40. Governing Law. This Agreement and the Related
Agreements, the rights and obligations of the parties hereto
and thereto, and any claim or disputes relating to any
thereof, shall be governed by and construed in accordance
with the internal laws of the State of Illinois, without
giving effect to the principles of conflicts of laws
thereof.
41. Execution in Counterparts. To facilitate
execution, this Agreement and the Related Agreements may
each be executed in as many counterparts as may be required,
and it shall not be necessary that the signatures of, or on
behalf of, each party, or that the signatures of all Persons
required to bind any party, appear on each counterpart; but
it shall be sufficient that the signature of, or on behalf
of, each party, or that the signatures of the Persons
required to bind any party, appear on one or more of the
counterparts. All counterparts shall collectively
constitute a single agreement. It shall not be necessary in
making proof of this Agreement or any of the Related
Agreements to produce or account for more than the number of
counterparts containing the respective signatures of, or on
behalf of, all of the parties hereto.
42. Assignment. Neither party may assign its rights
under this Agreement or any of the Related Agreements
-32-
without the consent of the other party, which consent may be
granted or withheld in the sole discretion of such other
party. No permitted assignment shall relieve the assignor
of its obligations (which shall be primary and which may be
discharged in whole or in part by the assignee) under this
Agreement or the Related Agreements. Any unauthorized
assignment and any assignment made in contravention of this
Section 42 shall be null and void.
43. Time. Time is to be considered of the essence for
the purposes of this Agreement and the Related Agreements.

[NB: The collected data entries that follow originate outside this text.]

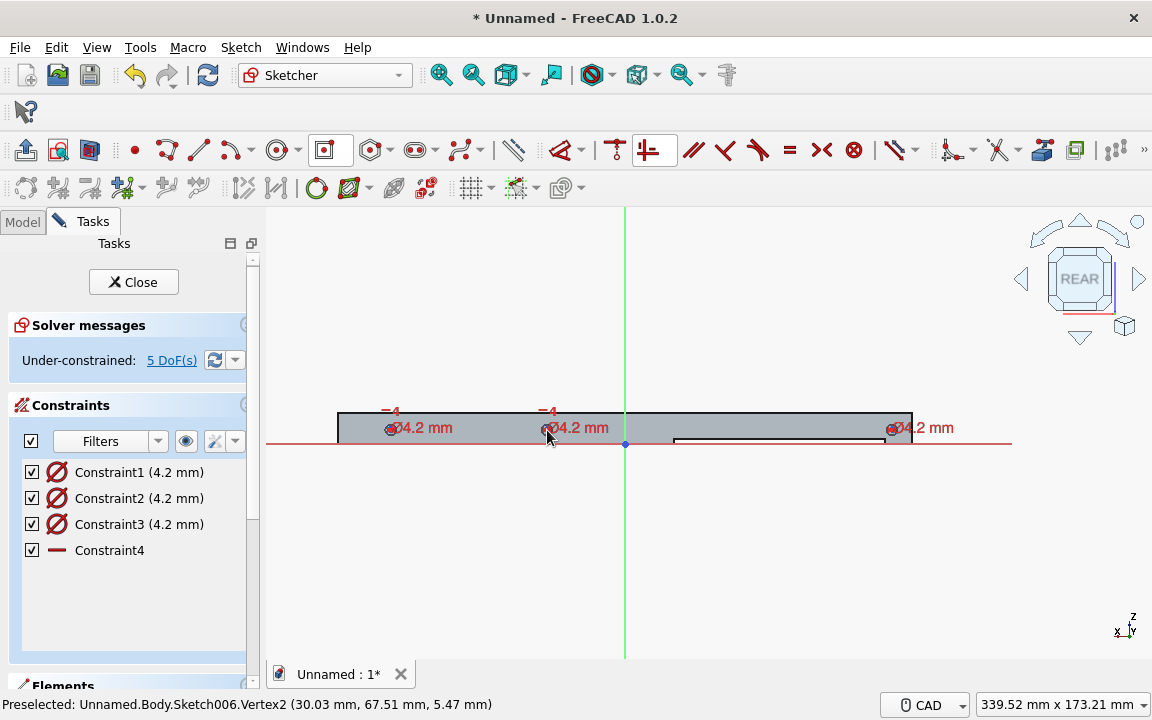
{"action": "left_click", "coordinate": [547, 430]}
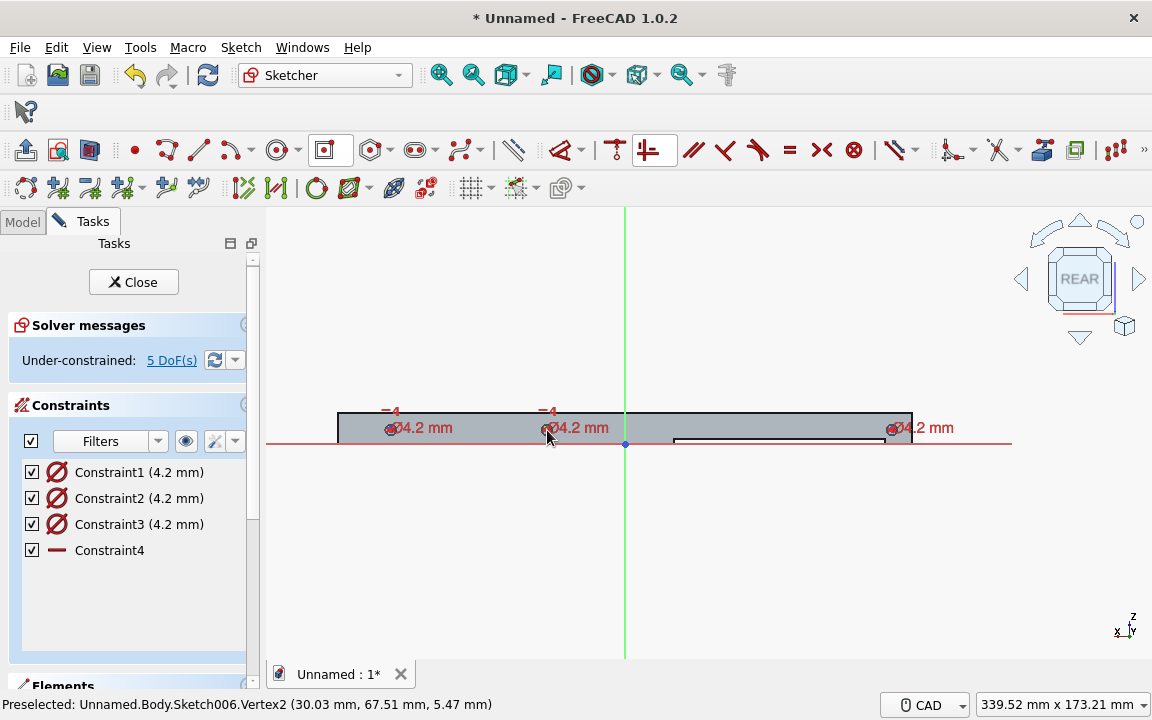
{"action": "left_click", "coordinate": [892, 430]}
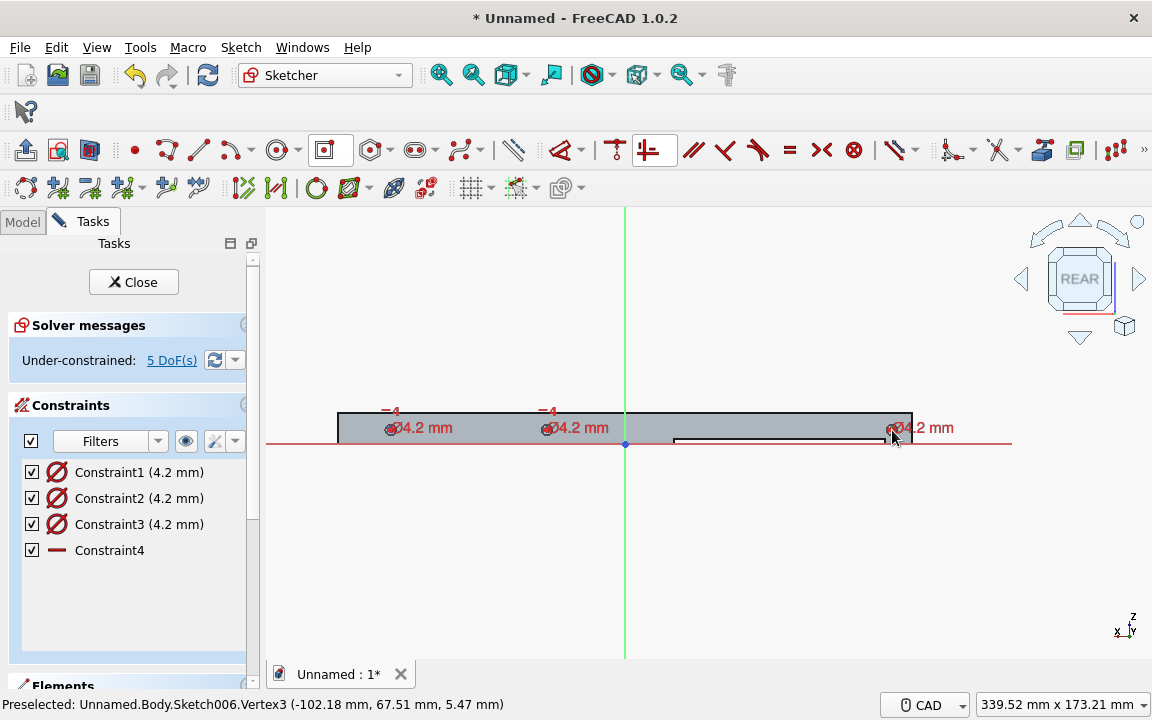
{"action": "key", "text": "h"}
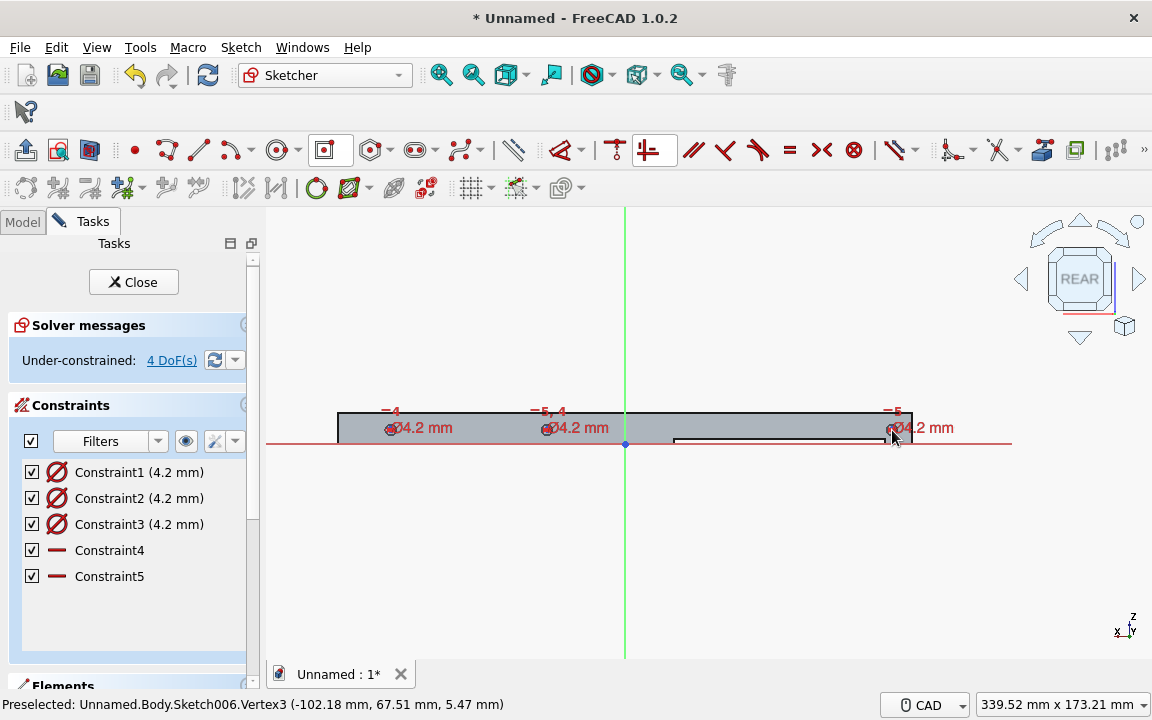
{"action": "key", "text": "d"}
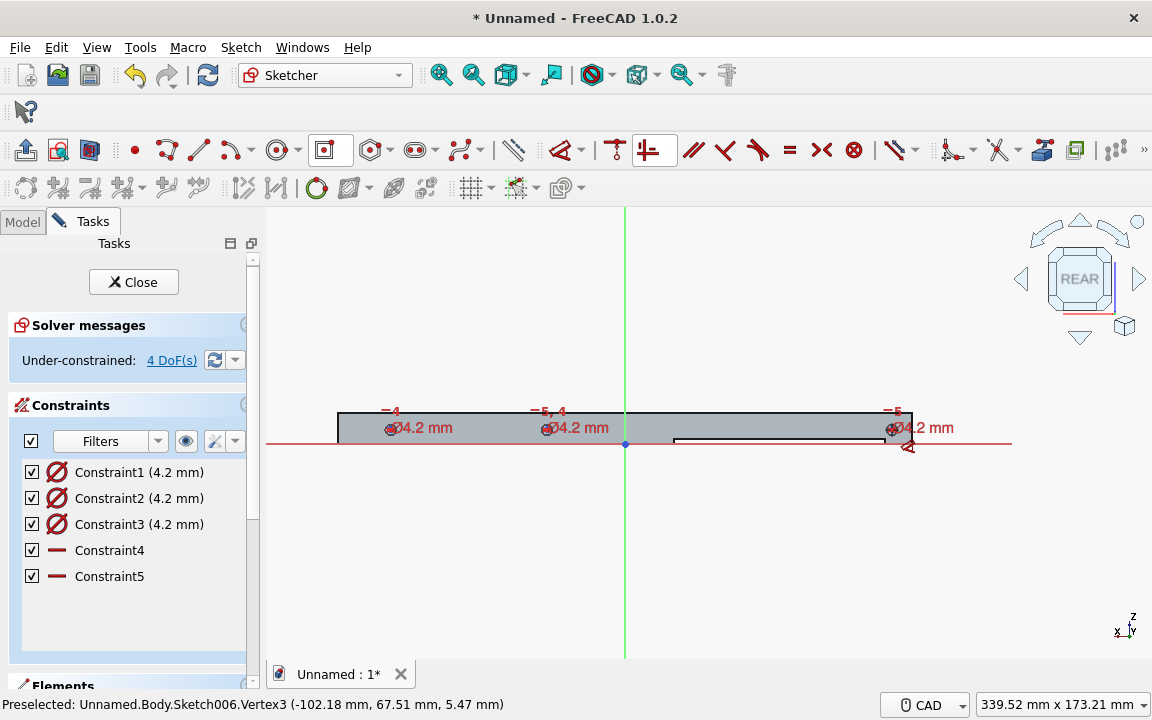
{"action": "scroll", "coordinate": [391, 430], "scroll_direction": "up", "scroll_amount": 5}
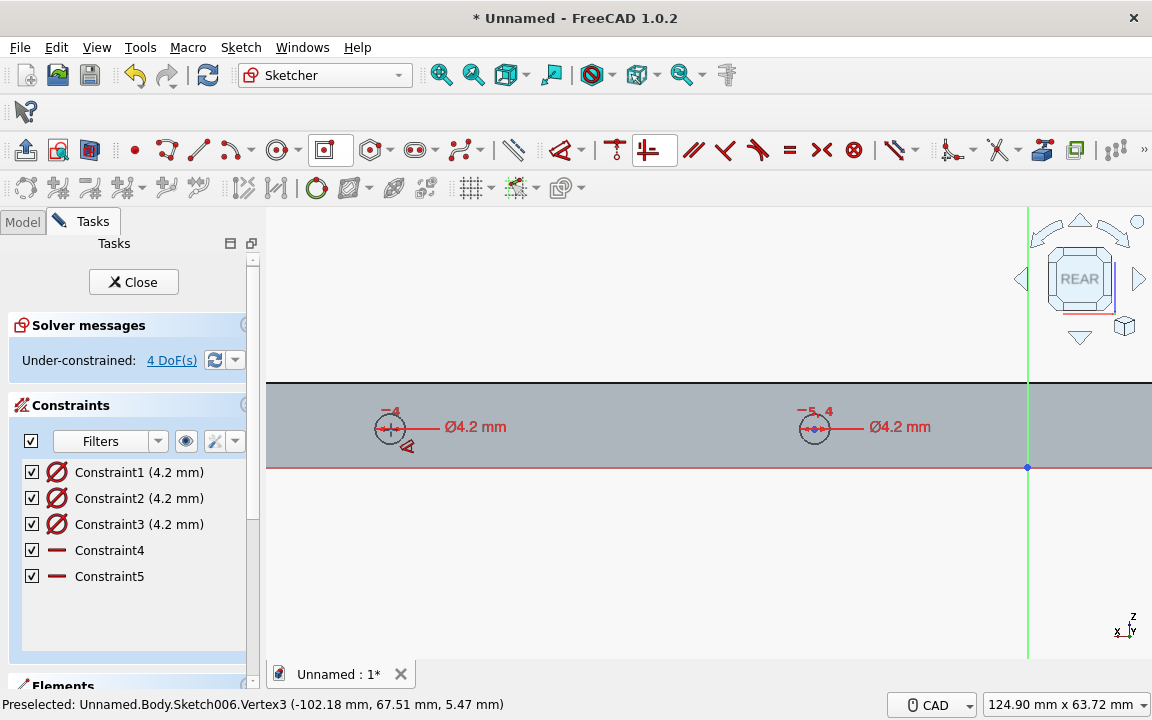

44. Amendments and Modification. This Agreement and
the Related Agreements may only be amended or modified by a
subsequent written agreement by the parties hereto.
45. Construction. This Agreement and the Related
Agreements shall not be construed more strictly against one
party than against the other merely by virtue of the fact
that such document may have been prepared primarily by
counsel for one of the parties, it being recognized that
both parties have contributed substantially and materially
to the preparation of such documents.
46. Restructuring of MW Group. As of the date hereof,
the MW Group is exploring various potential strategic
options and restructurings, including without limitation the
potential sale of equity in MW to an investor and an entire
or partial disposition of Signature, such as by means of a
spin-off or an initial public offering (any such
transactions being referred to herein as a "Restructuring").
Provided that as a result of any such Restructuring, MW (or
any successor thereof in the Restructuring) shall remain
obligated to perform all of its obligations under this
Agreement and the Related Agreements, and Signature (or any
successor thereof in the Restructuring) shall become
obligated to perform all of its obligations under this
Agreement and the Related Agreements, VVI (i) hereby
consents to the Restructuring, and (ii) agrees to execute
such amendments to this Agreement as counsel for MW shall
deem to be reasonably necessary in order to reflect the
effects of the Restructuring on this Agreement and the
Related Agreements, including without limitation the
possibility that Signature could cease to be an Affiliate of
MW by virtue of the Restructuring.
-33-
IN WITNESS WHEREOF, the parties hereto have executed
this Agreement effective as of the date first set forth
above.
XXXXXXXXXX XXXX & VALUEVISION
INTERNATIONAL, INC.
CO., INCORPORATED
BY: /s/ XXXX X. XXXXXXX BY: /s/ XXXXXX X. XXXXXXXX
TITLE: Executive Vice President TITLE: Chief Executive Officer
Xxxxxx X. Xxxxxxxx and Xxxxxxxx X. Xxxxxxx hereby join in
the foregoing Agreement for the sole purpose of agreeing to
be bound by clause (ii) of paragraph 11 thereof.